# Protein shake brand that tastes as good as a Mcdonalds Milk Shake ????????



## Finchy (Jun 14, 2009)

A few weeks ago on Radio 1, Andy Peters was on the phone to Chris Moyles and they were talking about training and nutrition.

Andy Peters mentioned at one point that there was one particular brand of protein shake that, if you make it with milk, actually tastes as good as a McDonalds milk shake (according to Andy Peters).

Anybody have any idea what that brand might be?


----------



## G-man99 (Jul 15, 2008)

Cytosport muscle milk is really tasty


----------



## koicarp (Oct 23, 2010)

i find dymatize elite (orange dreamsicle )tastey


----------



## Malibu (May 13, 2010)

but mcdonalds milkshakes taste like ****...

but reflex is da ****


----------



## big_jim_87 (Jul 9, 2009)

if its mass powder then dymatize mega gainer chock made with milk is real nice!


----------



## invisiblekid (Jun 18, 2006)

G-man99 said:


> Cytosport muscle milk is really tasty


Shame they changed the formula a couple of years ago. Anyone tried Monster Milk any good?


----------



## invisiblekid (Jun 18, 2006)

Finchy said:


> A few weeks ago on Radio 1, Andy Peters was on the phone to Chris Moyles and they were talking about training and nutrition.
> 
> Andy Peters mentioned at one point that there was one particular brand of protein shake that, if you make it with milk, actually tastes as good as a McDonalds milk shake (according to Andy Peters).
> 
> Anybody have any idea what that brand might be?


Probably Maximuscle and is probably laden with sugar.

I like Pro-Peptide. The Malt Choc is really nice.

Pro-Recover with milk tastes really, really good - probably due to the Maltodextrin.


----------



## Smitch (Dec 29, 2008)

Any protein powder tastes good with milk.


----------



## MarkFranco (Aug 26, 2010)

I beg to differ USN stuff tastes like **** imo

BBW choc cookie is really nice

Also the gym i train at has just got some new ones in, come in sachets and boxes of about 30-40 cant remember the make though, really thick shake that tastes amazing


----------



## flinty90 (Jul 1, 2010)

400 ml of semi skimmed milk and a extreme nutrition 1 scoop of chocolate and 1 banana mix in blender for 15 seconds and that is as close as you will get to a maccys shake imo !!! absolutely lush !!!


----------



## pod13 (Aug 26, 2008)

Myprotein chocolate impact whey - 2 scoops.

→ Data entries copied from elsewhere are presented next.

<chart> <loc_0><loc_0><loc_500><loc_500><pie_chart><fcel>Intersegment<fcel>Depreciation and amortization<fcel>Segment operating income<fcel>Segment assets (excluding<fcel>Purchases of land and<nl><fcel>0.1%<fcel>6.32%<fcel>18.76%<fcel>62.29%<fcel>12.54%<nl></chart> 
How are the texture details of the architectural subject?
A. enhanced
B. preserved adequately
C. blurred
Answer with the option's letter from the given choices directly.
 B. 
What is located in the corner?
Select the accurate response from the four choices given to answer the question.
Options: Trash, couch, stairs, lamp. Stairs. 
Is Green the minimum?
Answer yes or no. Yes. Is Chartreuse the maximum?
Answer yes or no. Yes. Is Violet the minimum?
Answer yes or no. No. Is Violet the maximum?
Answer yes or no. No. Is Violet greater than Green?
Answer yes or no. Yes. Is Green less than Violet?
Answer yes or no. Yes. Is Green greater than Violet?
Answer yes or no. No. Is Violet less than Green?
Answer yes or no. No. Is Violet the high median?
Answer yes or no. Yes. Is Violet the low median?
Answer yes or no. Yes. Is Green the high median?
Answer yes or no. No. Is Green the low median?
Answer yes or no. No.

4-500ml myprotein egg whites.

Blend it up, add some oats if you like. Way better than McDonald's chocolate shake and about 100g of protein (you don't HAVE to drink it all at once).


----------



## Smitch (Dec 29, 2008)

I just use water anyway. It's only protein, as long as it's drinkable who cares?


----------



## IrishRaver (Feb 4, 2010)

I find they're all enjoyable but after a while I get sick of them, but there are loads diff flavours


----------



## nolotil (Oct 18, 2004)

Finchy said:


> A few weeks ago on Radio 1, Andy Peters was on the phone to Chris Moyles and they were talking about training and nutrition.
> 
> Andy Peters mentioned at one point that there was one particular brand of protein shake that, if you make it with milk, actually tastes as good as a McDonalds milk shake (according to Andy Peters).
> 
> Anybody have any idea what that brand might be?

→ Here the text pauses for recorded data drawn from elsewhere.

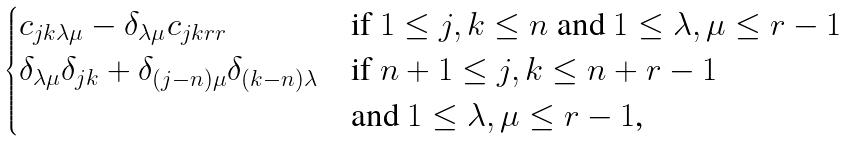Convert formula to latex. <formula><loc_0><loc_0><loc_500><loc_500>\begin{cases} c _ { j k \lambda \mu } - \delta _ { \lambda \mu } c _ { j k r r } & \text {if $1\leq j,k\leq n$ and $1\leq\lambda,\mu\leq r-1$} \\ \delta _ { \lambda \mu } \delta _ { j k } + \delta _ { ( j - n ) \mu } \delta _ { ( k - n ) \lambda } & \text {if $n+1\leq j,k\leq n+r-1$} \\ & \text {and $1\leq\lambda,\mu\leq r-1$,} \end{cases}</formula> 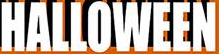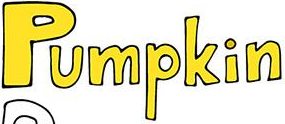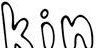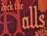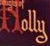Read the text content from these images in order, separated by a semicolon. HALLOWEEN; Pumpkin; kin; Halls; Holly 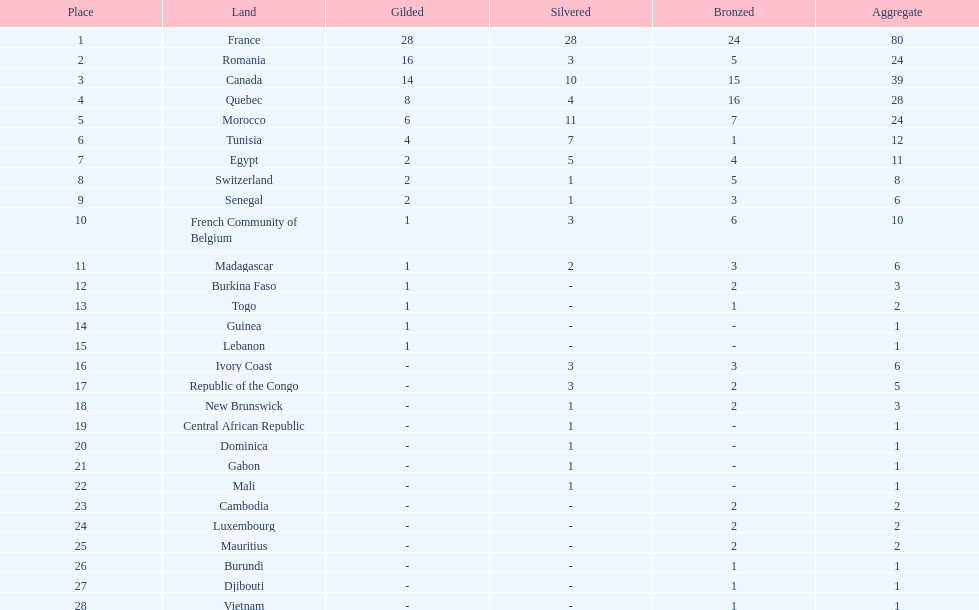How many counties have at least one silver medal? 18. Write the full table. {'header': ['Place', 'Land', 'Gilded', 'Silvered', 'Bronzed', 'Aggregate'], 'rows': [['1', 'France', '28', '28', '24', '80'], ['2', 'Romania', '16', '3', '5', '24'], ['3', 'Canada', '14', '10', '15', '39'], ['4', 'Quebec', '8', '4', '16', '28'], ['5', 'Morocco', '6', '11', '7', '24'], ['6', 'Tunisia', '4', '7', '1', '12'], ['7', 'Egypt', '2', '5', '4', '11'], ['8', 'Switzerland', '2', '1', '5', '8'], ['9', 'Senegal', '2', '1', '3', '6'], ['10', 'French Community of Belgium', '1', '3', '6', '10'], ['11', 'Madagascar', '1', '2', '3', '6'], ['12', 'Burkina Faso', '1', '-', '2', '3'], ['13', 'Togo', '1', '-', '1', '2'], ['14', 'Guinea', '1', '-', '-', '1'], ['15', 'Lebanon', '1', '-', '-', '1'], ['16', 'Ivory Coast', '-', '3', '3', '6'], ['17', 'Republic of the Congo', '-', '3', '2', '5'], ['18', 'New Brunswick', '-', '1', '2', '3'], ['19', 'Central African Republic', '-', '1', '-', '1'], ['20', 'Dominica', '-', '1', '-', '1'], ['21', 'Gabon', '-', '1', '-', '1'], ['22', 'Mali', '-', '1', '-', '1'], ['23', 'Cambodia', '-', '-', '2', '2'], ['24', 'Luxembourg', '-', '-', '2', '2'], ['25', 'Mauritius', '-', '-', '2', '2'], ['26', 'Burundi', '-', '-', '1', '1'], ['27', 'Djibouti', '-', '-', '1', '1'], ['28', 'Vietnam', '-', '-', '1', '1']]} 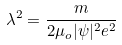Convert formula to latex. <formula><loc_0><loc_0><loc_500><loc_500>\lambda ^ { 2 } = \frac { m } { 2 \mu _ { o } | \psi | ^ { 2 } e ^ { 2 } }</formula> 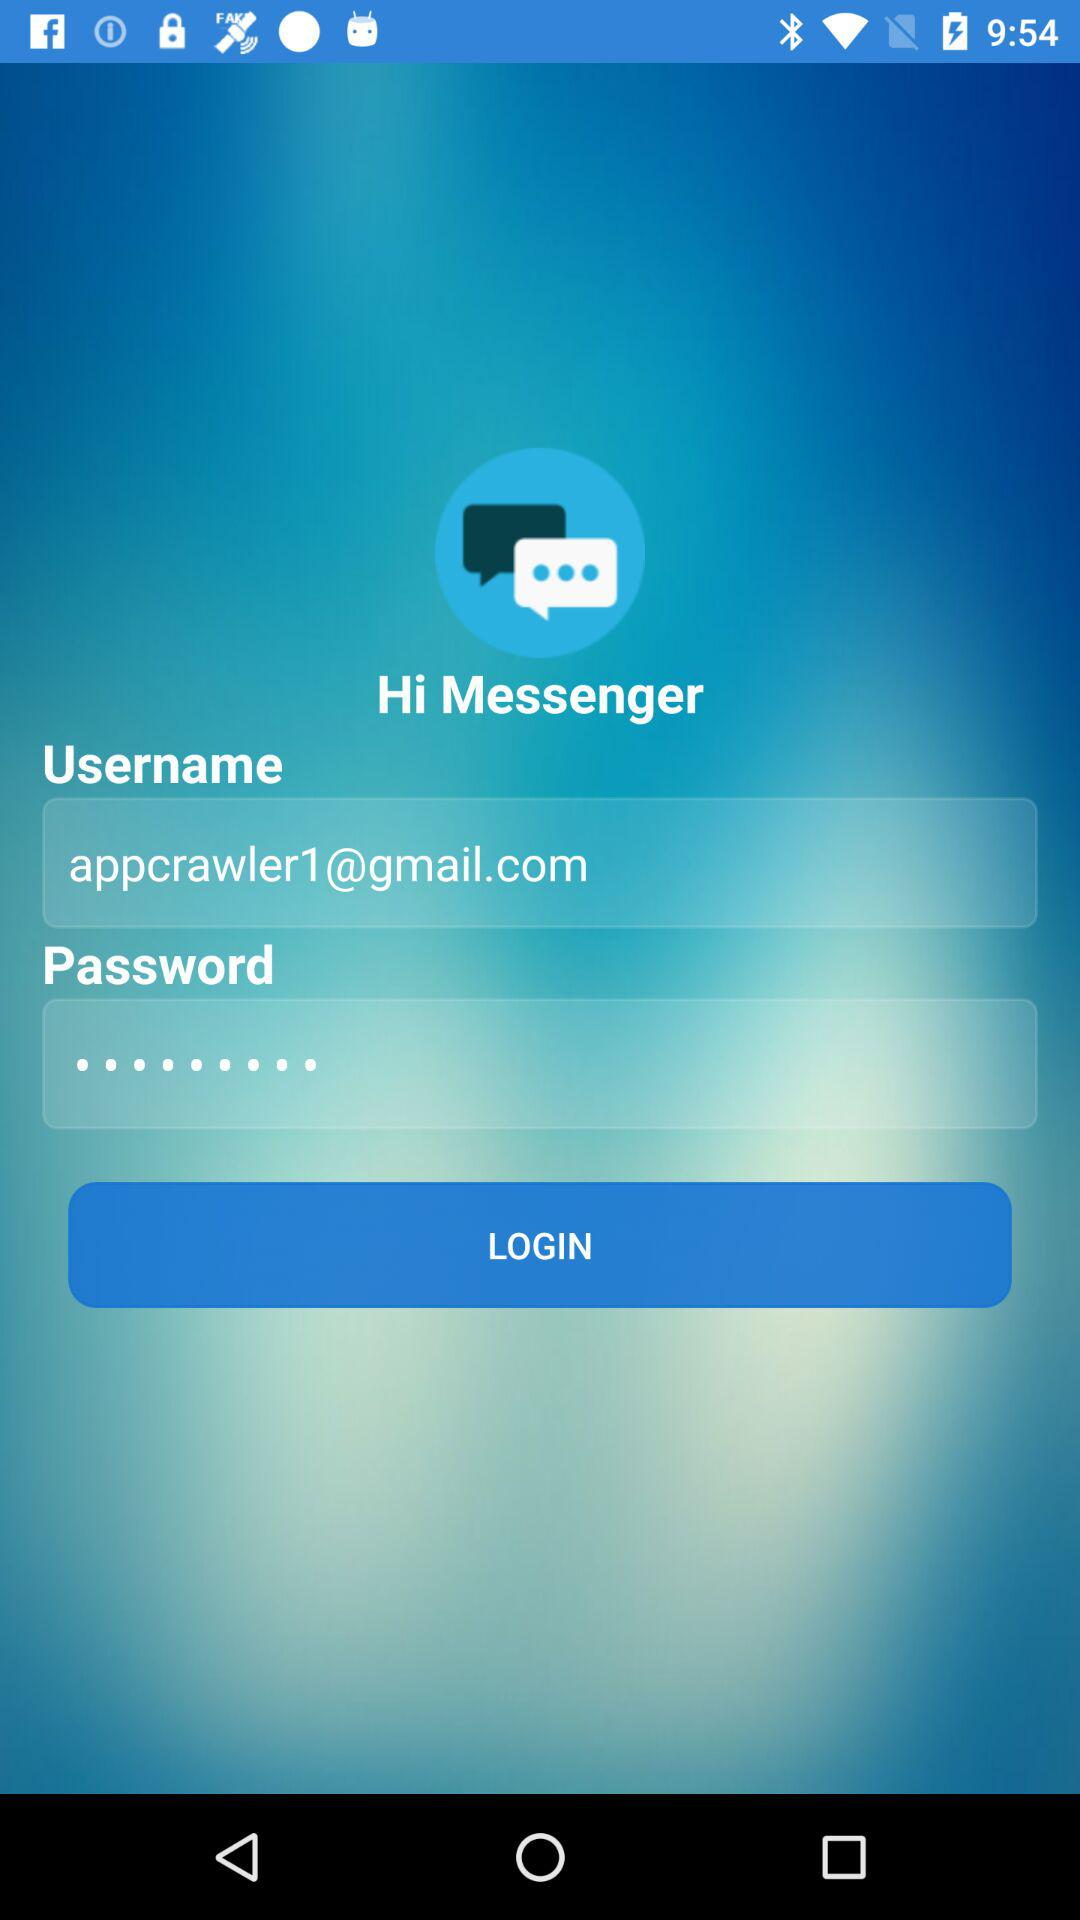What is the given email address? The given email address is appcrawler1@gmail.com.

Wht dont you just contact him and ask?, http://www.officialandipeters.com/


----------



## Dazza (Aug 7, 2010)

Muscle milk or syntha 6 id imagine


----------



## Seyyed-Merat (Sep 1, 2007)

It was PhD I think, taken from the PhD album off their facebook group


----------



## engineered (Jan 22, 2009)

Considering their whey is so high in carbs it is no surprise.


----------



## Seyyed-Merat (Sep 1, 2007)

engineered said:


> Considering their whey is so high in carbs it is no surprise.


it isnt really that high tbh mate :confused1: less than bbw and most brands.


----------



## xeonedbody (Aug 28, 2009)

PhD Pharma whey when mixed with milk


----------



## deniro (Nov 20, 2010)

p1ss in a cup, add 6 eggs and stir

drink immediately.


----------



## engineered (Jan 22, 2009)

Merat said:


> it isnt really that high tbh mate :confused1: less than bbw and most brands.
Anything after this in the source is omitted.